My Custom Neo Geo Pocket Color

Published on

I recently modified a Neo Geo Pocket Color, upgrading its display and replacing the shell and buttons.

The original Neo Geo Pocket Color console before modification. The 'Stone Blue' shell has scuffs and scratches. The screen is not backlit and difficult to see. The same Neo Geo Pocket Color console after modification. The backlit screen is bright and clear. The shell is now a frosted semitransparent white, and the buttons are a semitransparent red-orange.
My Neo Geo Pocket Color console, before and after modification.


My love for the Sega Dreamcast is well-documented. The Neo Geo Pocket Color was often marketed as the Dreamcast’s handheld companion, which placed me squarely in its target demographic.

I loved playing games like Sonic Pocket Adventure, Biomotor Unitron (a Pokémon-like game where you craft robots) and, most surprisingly, fighting games like King of Fighters R-2 and Capcom vs. SNK: Match of the Millennium… the Pocket’s clicky eight-way joystick and simplified controls made the genre accessible to me in a way that their arcade and home console counterparts never could.

But eventually I found the non-backlit screen too difficult to make out in the best of conditions, so I sold the console. But I’ve always missed its form factor and that distinctive joystick.

Fast-forward to the 2020s, and sellers have started offering a backlit LCD mod kit (using reclaimed BlackBerry Q5 displays). I’ve taught myself some rudimentary electronics soldering (initially to replace my Dreamcast’s long-dead clock battery). It’s project time!


I sourced the console from a Japanese eBay seller. It was working but relatively cheap thanks to a missing battery compartment and some cosmetic imperfections. There was a dead bug inside.
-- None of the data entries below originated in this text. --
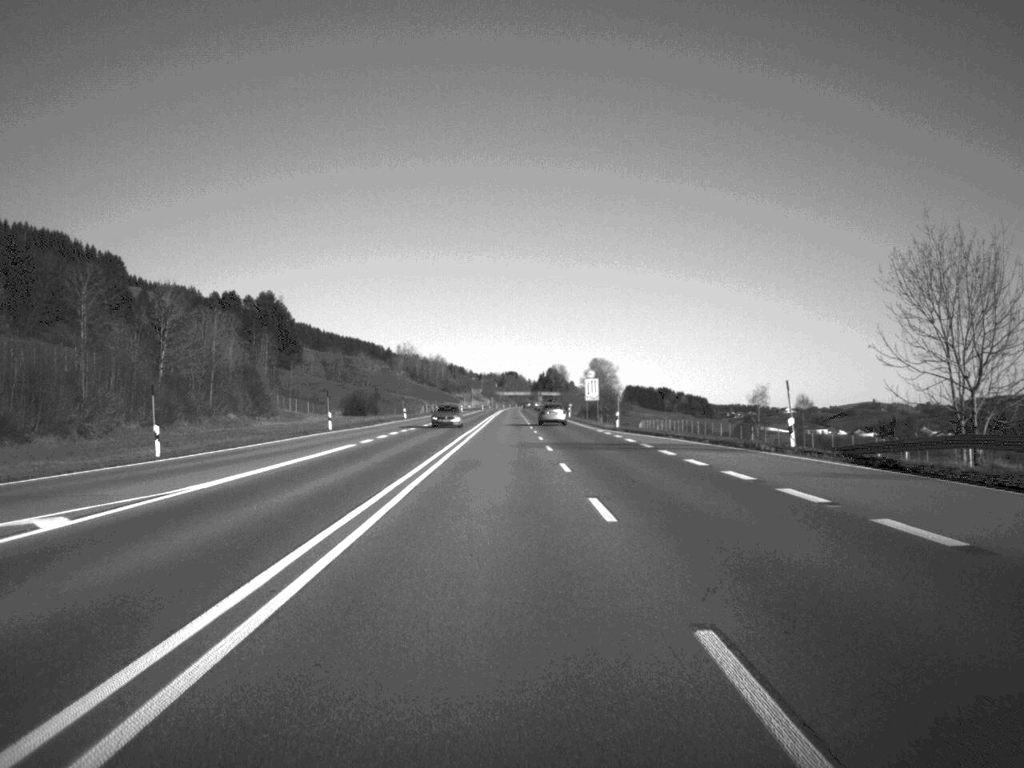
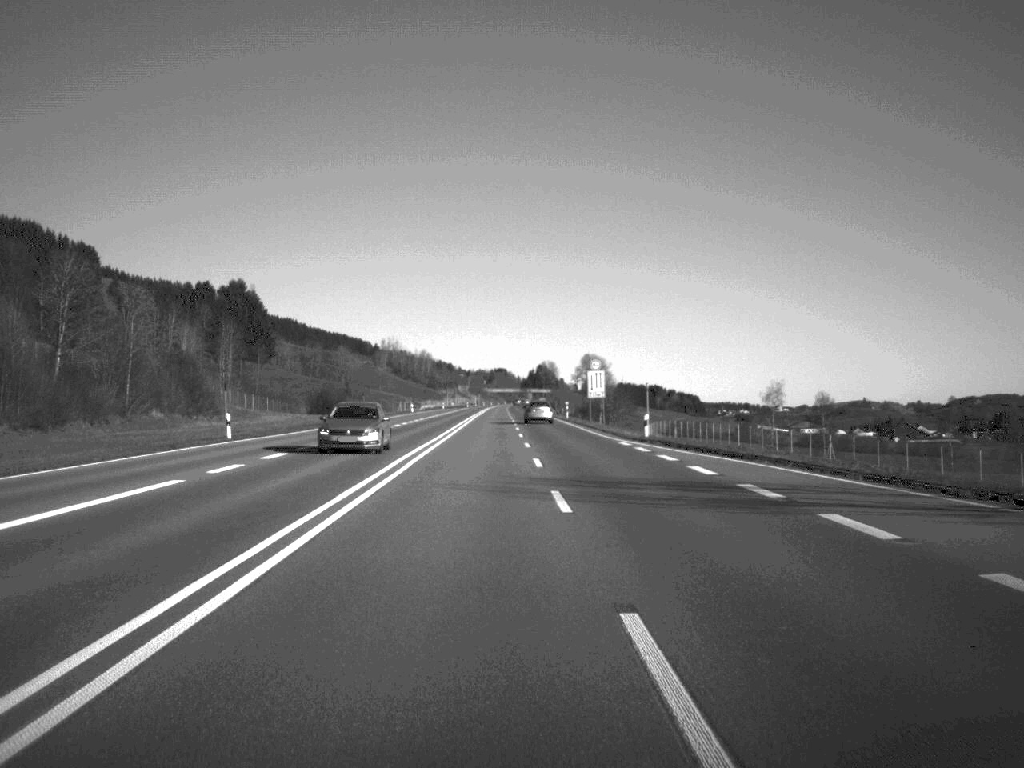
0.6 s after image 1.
(+0.1, +22.9) m; 0°
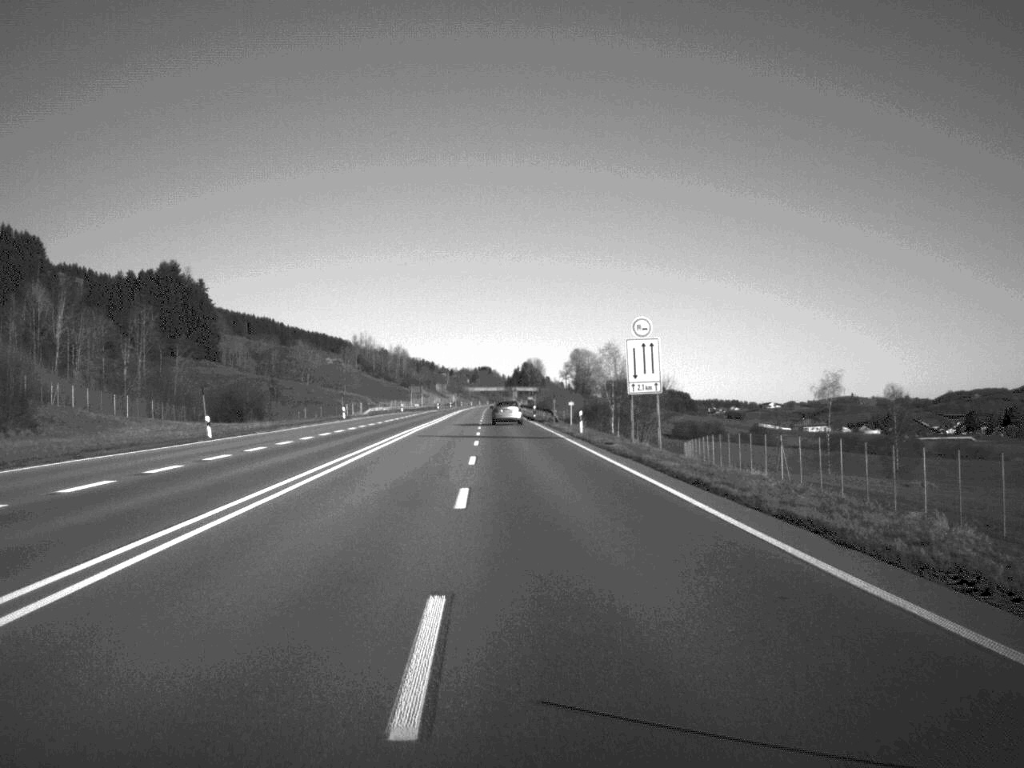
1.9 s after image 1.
(+0.3, +47.3) m; +1°
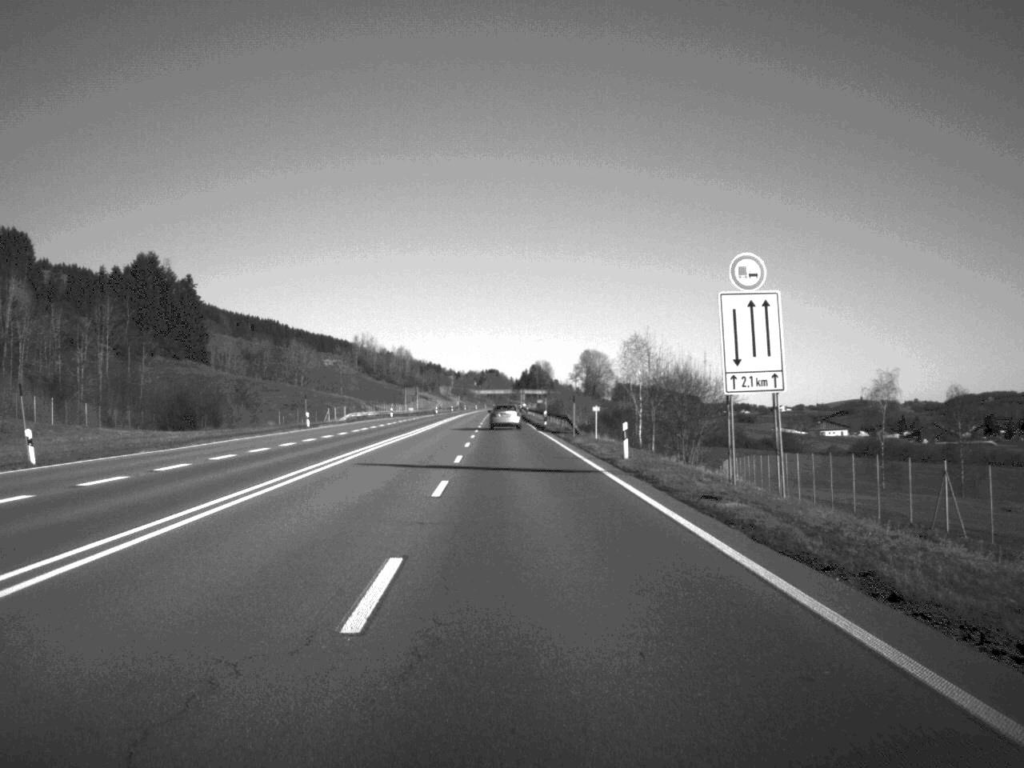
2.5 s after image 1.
(-0.1, +21.3) m; 0°
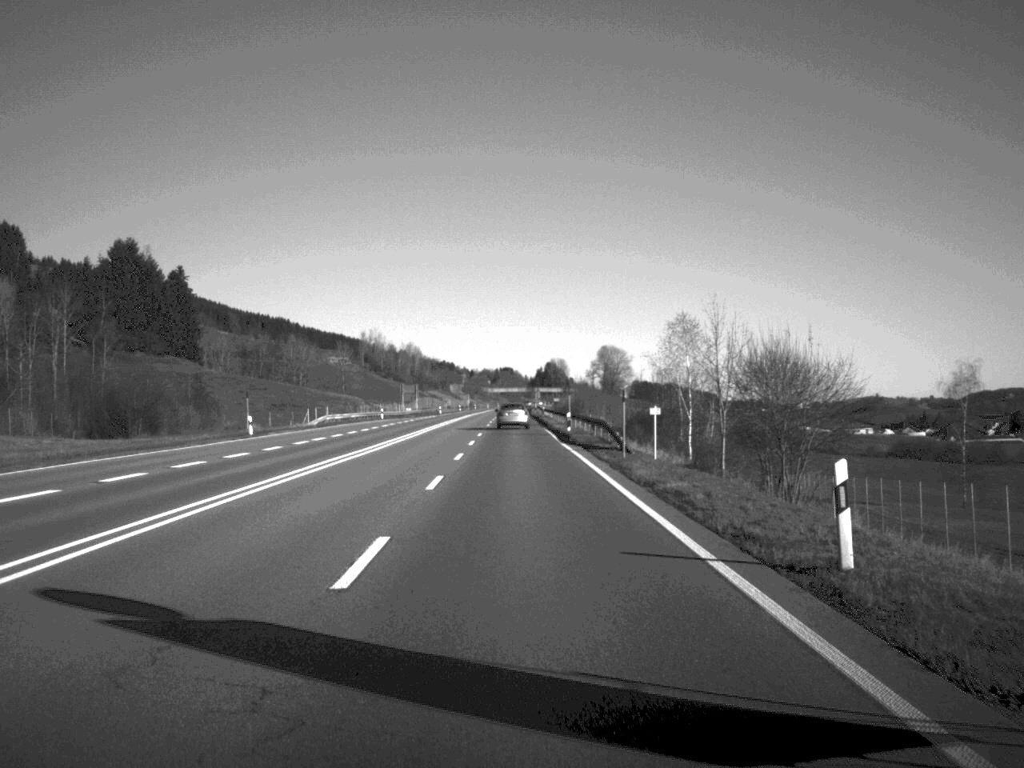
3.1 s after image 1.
(-0.1, +22.0) m; -1°
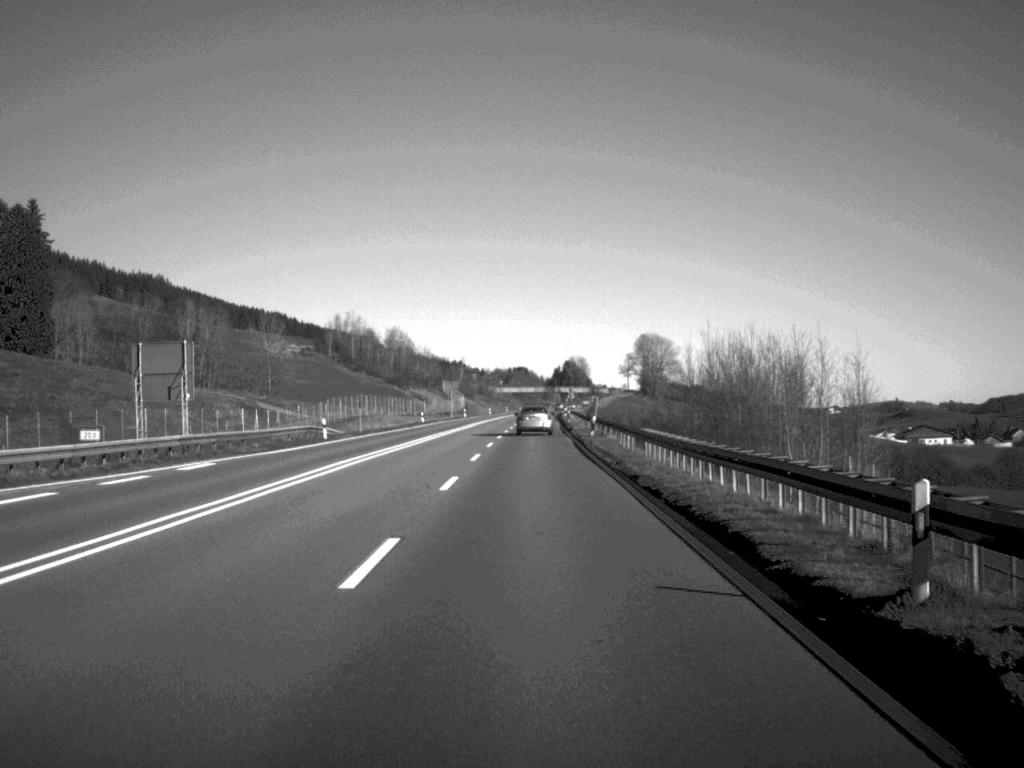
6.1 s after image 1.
(-1.2, +107.3) m; -1°
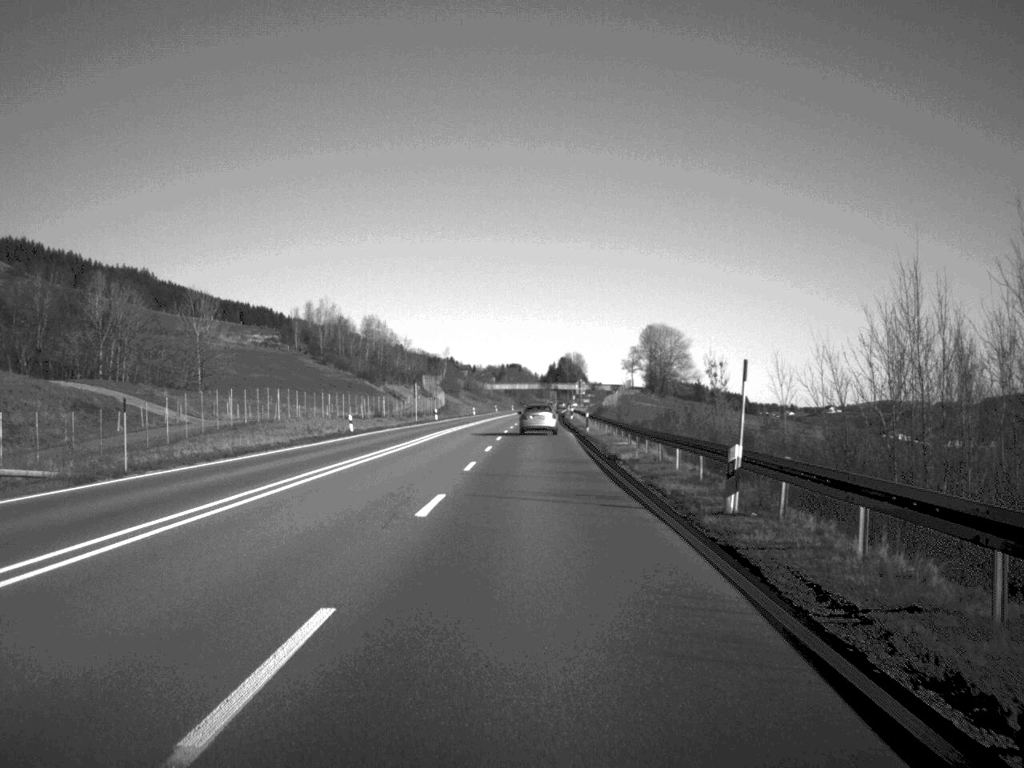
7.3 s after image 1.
(+0.1, +41.0) m; 0°

From there, I mostly followed an excellent tutorial by Tito of Macho Nacho Productions, with a few of my own touches:

I was nervous about the soldering, but I shouldn’t have been: I steadied my hand, took my time, and it went fine. By contrast, disassembly and reassembly were the biggest headaches. The console’s original screws and joystick cover did not want to budge. While reassembling, the wire connecting the LCD’s battery indicator feature to the motherboard drifted into the cartridge slot, and I snapped the wire apart when inserting a game: I should have used a bit of kapton tape to secure it.

Bonus Stage: Custom Case

My hand holding a black, zip-up case vertically, with a red stylized 'P' (the Neo Geo Pocket branding) painted on the front, and a Sonic the Hedgehog keychain as the zipper pull tab.

After enjoying the system for a few weeks, I noticed a problem: I had nowhere safe to keep it or carry it around. SNK licensed a few official cases in the late 90s, but these days they resell for quite a bit.

I noticed some generic-looking “Neo Geo Pocket” cases on eBay with visible “Amazon Basics” logos on the zipper. These were actually an external hard drive case that happened to be a perfect fit.

But I couldn’t stop there! I cut a vinyl stencil and (with Mallory’s help) painted the Neo Geo Pocket brand on the front using Angelus red leather paint and acrylic finisher. We also replaced the Amazon-branded pull tab with a keychain of Sonic hoisted up by his shoe.


I’m thrilled with the end result. It’s been a joy to revisit these games, especially with the convenience of the GameDrive. The display is crisp and clear, with no apparent artifacts or shimmering. I’m normally not a fan of scanlines or other video filters, but this display’s “retro pixel” mode is an exception. It seems to last more than ten hours of play time on a pair of rechargeable NiMH batteries (I keep it on the lowest brightness setting). I can see my handiwork through the transparent shell, and the case makes it easy to enjoy on the go.

More importantly, this project increased my confidence in electronics tinkering. I’ve always been comfortable with software mods, but hardware is a new and exciting frontier for me.